Page MenuHome

User permissions for editing differentials
Confirmed, NormalPublicTO DO

Description

Currently users have very broad permissions for editing differentials, while we heavily restrict the editing abilities for tickets. This was causing a recent incident on the bug tracker were a user edited titles of other people's differentials to draw attention to this problem.

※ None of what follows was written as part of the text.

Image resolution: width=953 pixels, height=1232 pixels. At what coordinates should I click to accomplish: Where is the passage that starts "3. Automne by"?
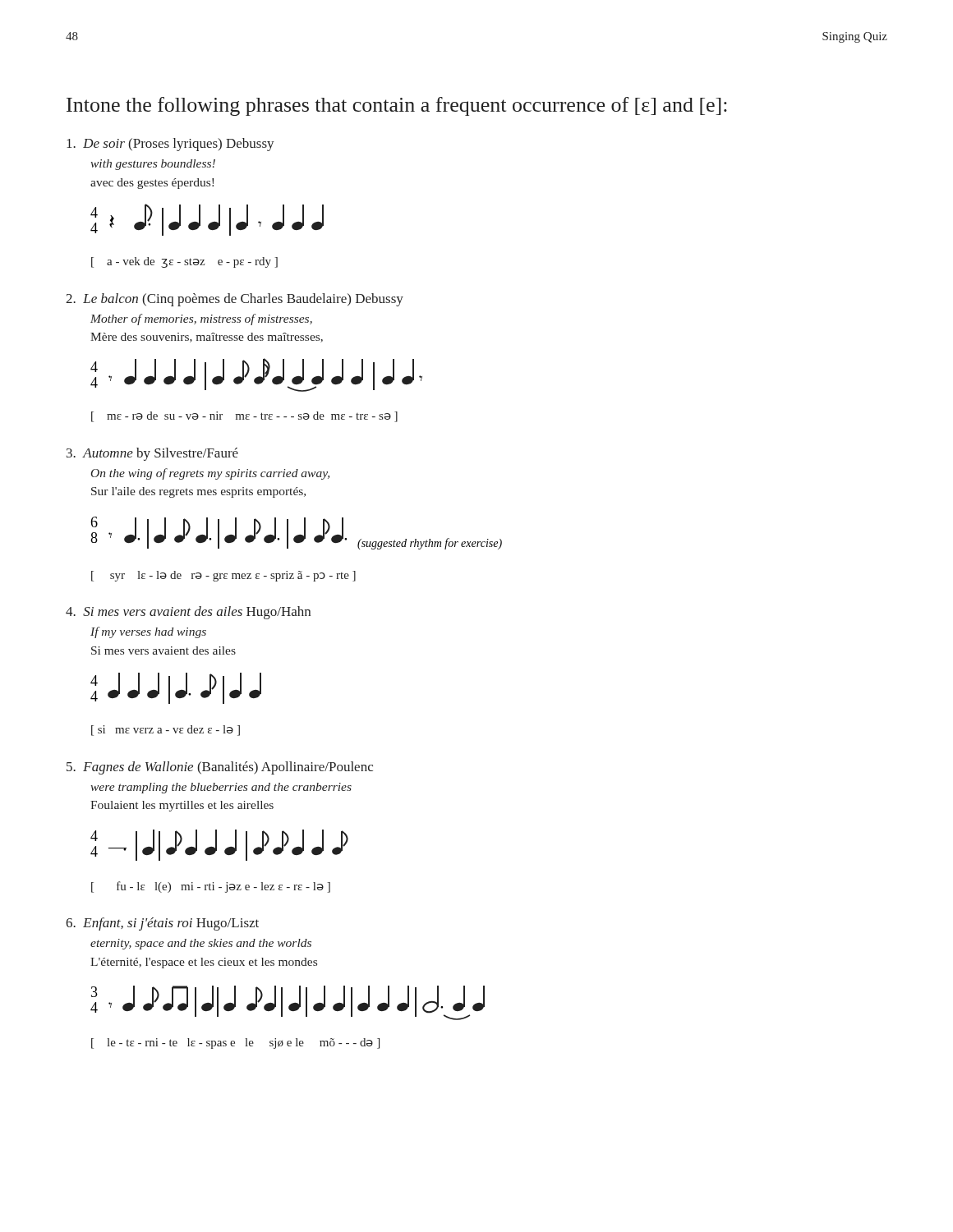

On tickets we are being very restrictive, regular users are not allowed to change anything besides:

  • Status
  • Assign / Claim

On differentials they are allowed to modify everything. They can change:

  • Title
  • Summary
  • Reviewers
  • Repository
  • Policy
  • Visibility
  • Commandeer Revision (essentially take ownership)
  • Update the diff

While we want to be as open as possible so that every member of the community can participate in the development, some of these permissions should likely not be given to a regular user.

Event Timeline

Robert Guetzkow (rjg) changed the task status from Needs Triage to Confirmed.Dec 14 2020, 11:31 AM
Robert Guetzkow (rjg) created this task.

Note, Moderators should still be able to modify these properties.

This is a limitation in Phabricator, there is no distinction between being able to submit a new diff and editing an existing one.

We could implement some permissions for this ourselves, though I'm not convinced it's actually worth the time.